Re AWS router, I completely agree with you that AWS doesn't need all the fanciful add-on features that Juniper (and other vendors) provides -- that's probably why they decide to do it themselves :)) . Vendors pack all those features on in an attempt to differentiate, and in order to charge higher for their devices. A lot of those features go unused, not just by Cloud providers, but the average enterprise/SP as well. By doing it themselves, AWS can use all the chip areas that otherwise would be wasted on unneeded stuff, to optimize for packet performance, which is mainly what the Cloud needs. While their routers are most likely not top-notch in quality due to their inexperience, for utility computing, that's all they care and need, as you rightly pointed out.
At the end of the day, I feel networking (and IT in general ) has commoditized so much over the years -- all the more so since the Cloud became mainstream -- that we can expect to see more and more vendors compress or simply go away, and those who want to survive will have to reinvent themselves and differentiate their products instead of relying on the likes of Broadcom to provide chipsets/ASICs for them, essentially turning themselves into Broadcom resellers. Packing a lot of features that almost no one uses/needs is not the answer though :p. There're always markets for good and competitive products that solve the right problems, just like AMD has proven by going back from the brink of death several times after being dealt almost mortal blows by Intel, who's feeling it more and more with each passing year as their loyal customers either go AMD, ARM or do it themselves, like Apple.

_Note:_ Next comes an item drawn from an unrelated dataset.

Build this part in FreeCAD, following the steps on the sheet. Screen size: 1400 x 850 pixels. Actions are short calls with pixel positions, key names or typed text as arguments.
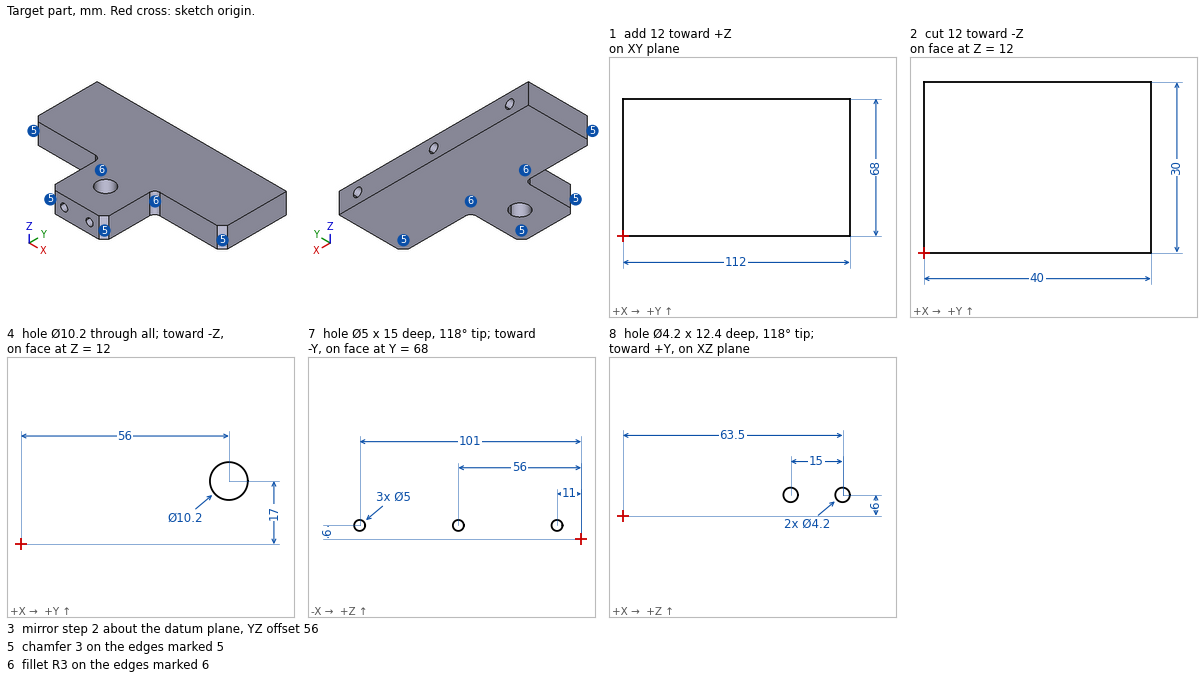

Oh, and I too did go thru the pdf shared by Oleg. Most of it is about physical layer stuff, and there's no treatment of the ASIC architecture, like the amount of CAM/TCAM, the traffic manager, the fabric scheduler, the crossbar architecture etc, the important stuff basically. Typical Broadcom :p. It'd be really unfortunate if the networking industry needs to rely on them to innovate on its behalf and provide vendors with the backbone of their products. Kinda reminds me of how the server/PC industry has stiffened for decades after Intel took center stage and eliminated most of the competition, making us stuck with their crappy CISC for a long, long time up until recent years.